From the entries that follow, reproduce exactly and only the lines from the line with "#2 person [1111,752,1186,953]" to the line with "#3 person [587,660,638,799]", endpoints included.

---+---

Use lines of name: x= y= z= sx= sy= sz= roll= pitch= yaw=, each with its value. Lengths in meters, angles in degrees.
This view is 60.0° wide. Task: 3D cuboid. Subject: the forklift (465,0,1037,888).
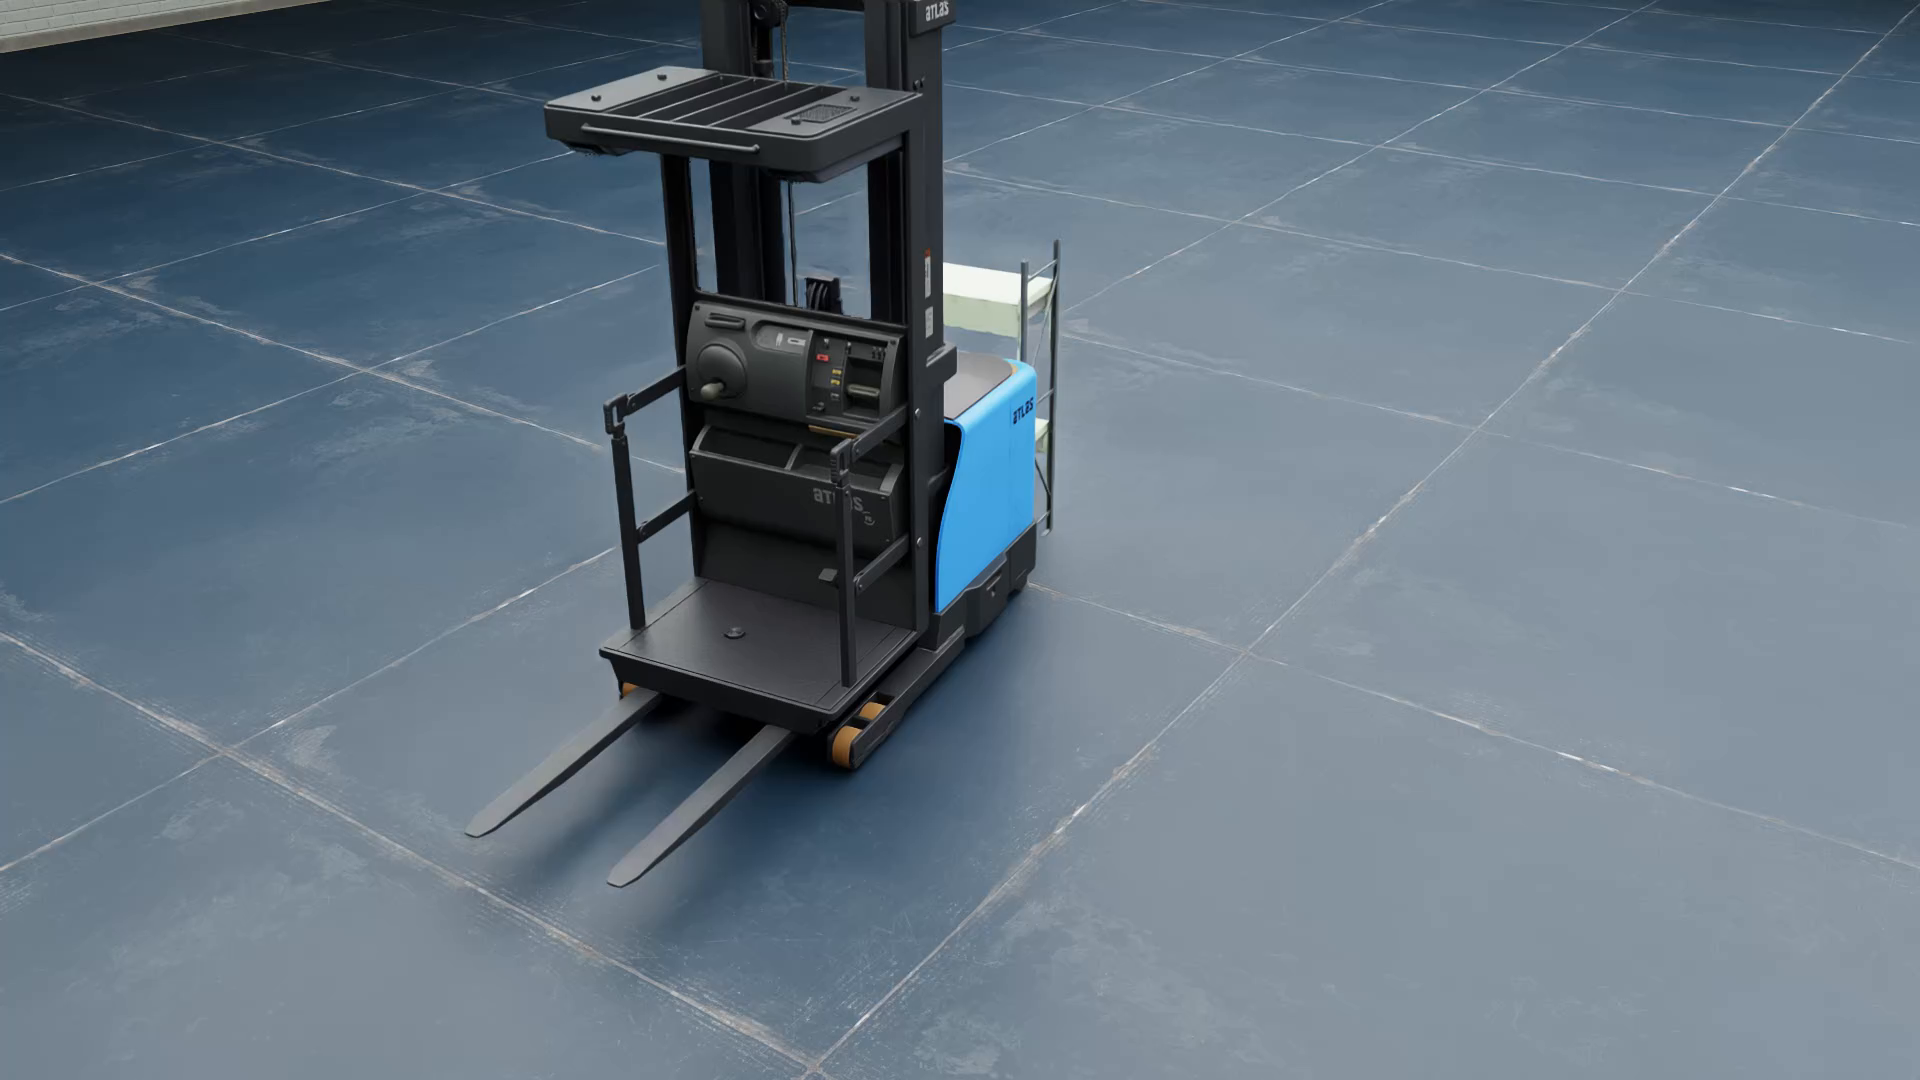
forklift: x=-0.749 y=-0.641 z=6.278 sx=1.130 sy=2.935 sz=3.031 roll=13 pitch=30 yaw=23

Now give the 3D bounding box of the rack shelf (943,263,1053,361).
rack shelf: x=0.040 y=-1.065 z=7.829 sx=0.720 sy=0.370 sz=0.431 roll=13 pitch=30 yaw=23

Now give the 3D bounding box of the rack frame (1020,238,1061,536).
rack frame: x=0.368 y=-0.644 z=7.861 sx=0.023 sy=1.500 sz=0.400 roll=13 pitch=30 yaw=23

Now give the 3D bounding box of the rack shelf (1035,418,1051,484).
rack shelf: x=0.040 y=-0.427 z=8.153 sx=0.720 sy=0.370 sz=0.431 roll=13 pitch=30 yaw=23

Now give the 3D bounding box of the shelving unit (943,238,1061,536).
shelving unit: x=0.040 y=-0.717 z=8.006 sx=0.755 sy=1.500 sz=0.431 roll=13 pitch=30 yaw=23
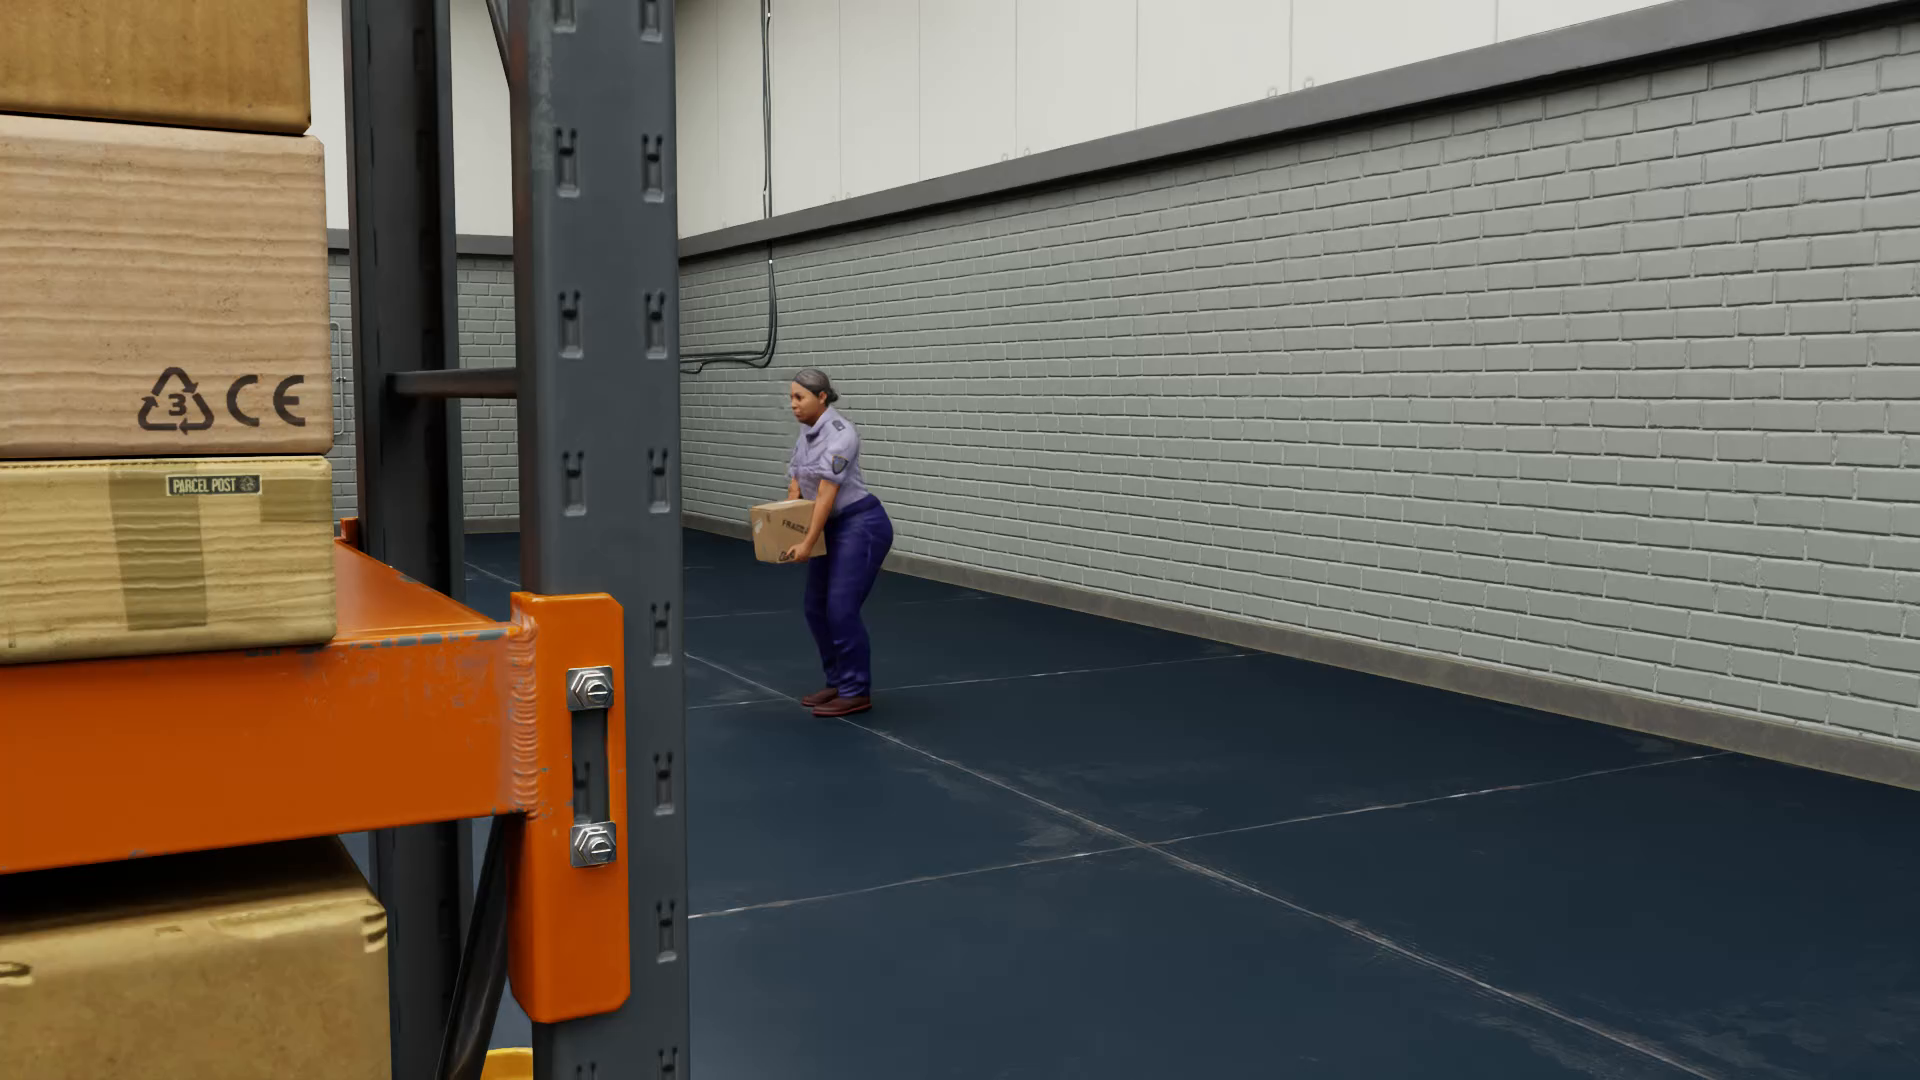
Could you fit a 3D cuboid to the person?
[{"bbox_3d":[-0.611,0.007,7.786,0.571,1.609,0.441,-3,6,-30],"label":"person"}]
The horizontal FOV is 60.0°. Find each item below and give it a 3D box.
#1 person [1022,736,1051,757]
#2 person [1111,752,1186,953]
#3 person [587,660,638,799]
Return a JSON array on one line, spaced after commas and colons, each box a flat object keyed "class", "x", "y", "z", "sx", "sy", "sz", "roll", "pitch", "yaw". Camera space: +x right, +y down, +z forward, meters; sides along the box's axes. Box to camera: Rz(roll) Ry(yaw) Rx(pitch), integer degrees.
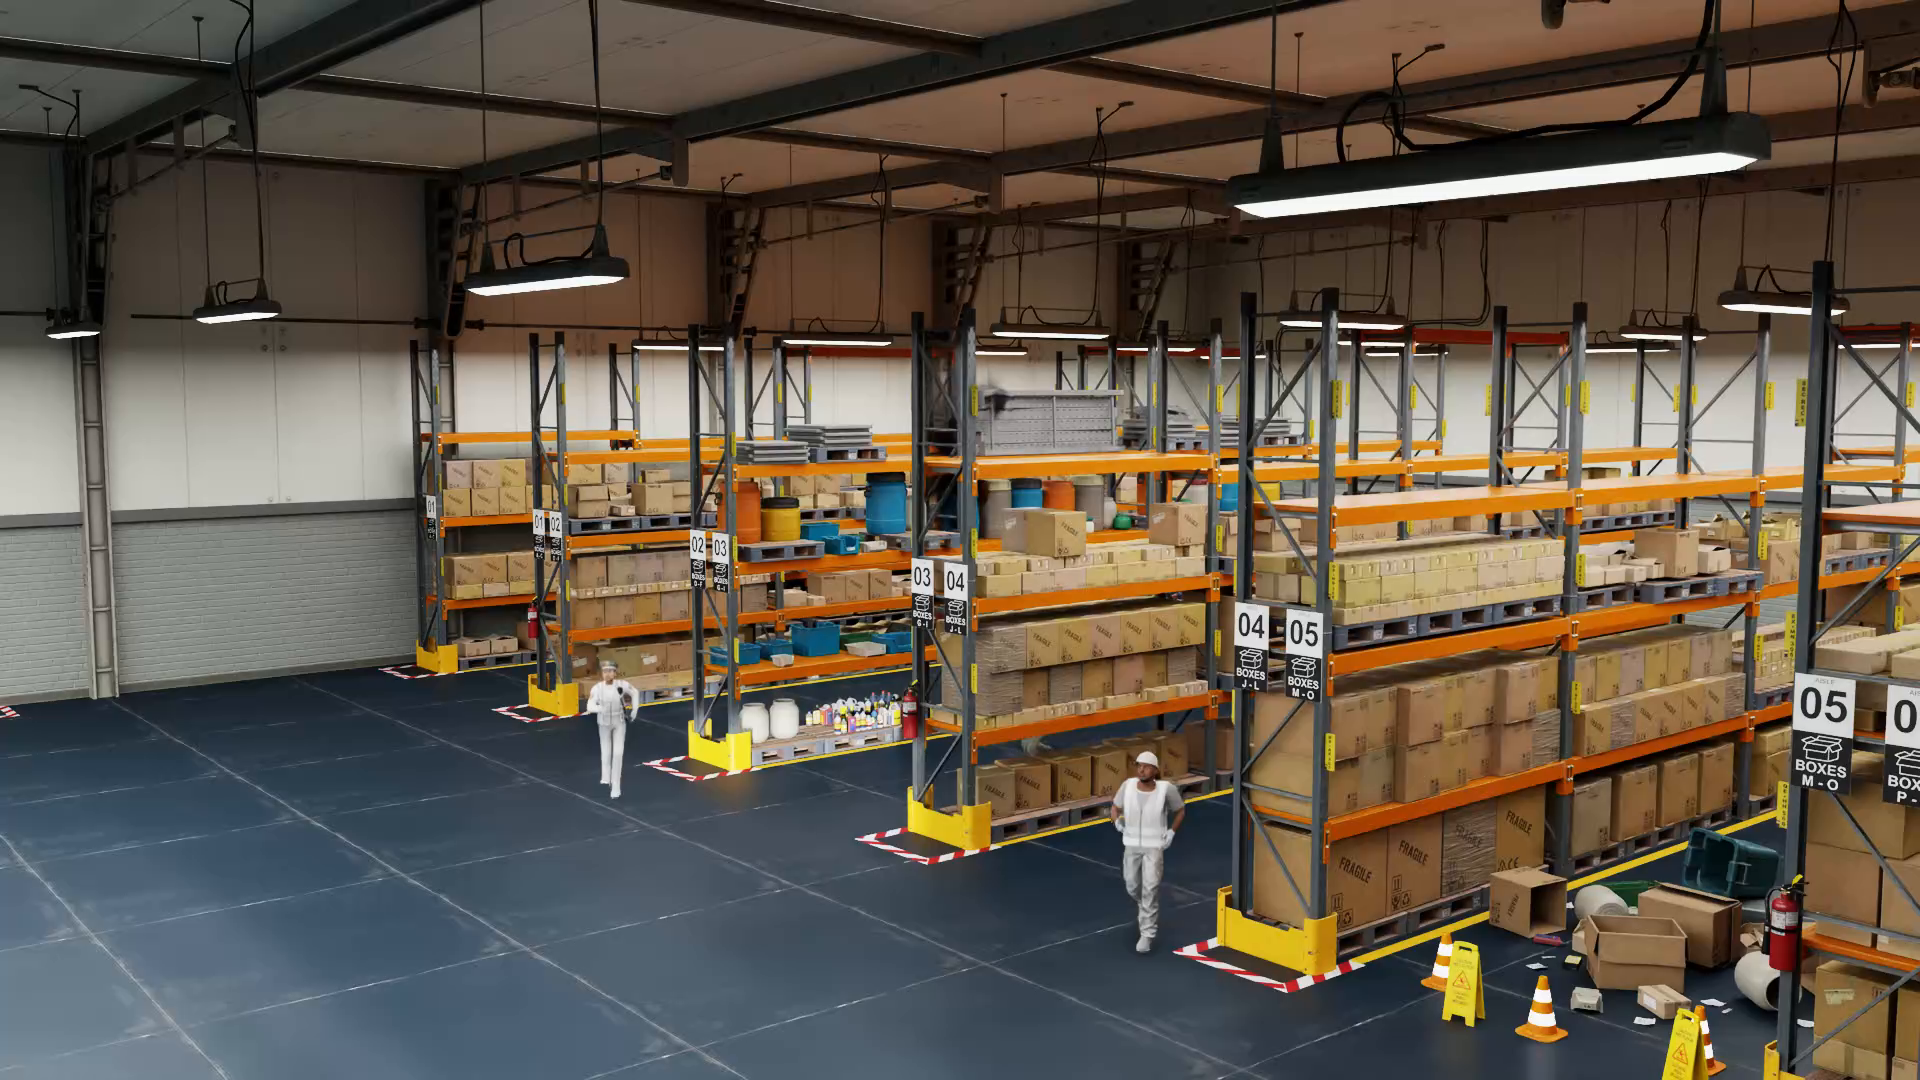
[{"class": "person", "x": 1.055, "y": 2.335, "z": 21.841, "sx": 0.603, "sy": 1.648, "sz": 0.593, "roll": 5, "pitch": 7, "yaw": 44}, {"class": "person", "x": 1.720, "y": 2.854, "z": 15.498, "sx": 0.689, "sy": 1.787, "sz": 0.808, "roll": 2, "pitch": 6, "yaw": 23}, {"class": "person", "x": -4.411, "y": 2.372, "z": 21.163, "sx": 0.623, "sy": 1.738, "sz": 0.877, "roll": -1, "pitch": 5, "yaw": -6}]

---+---

» Response below
#2 person [1111,752,1186,953]
#3 person [587,660,638,799]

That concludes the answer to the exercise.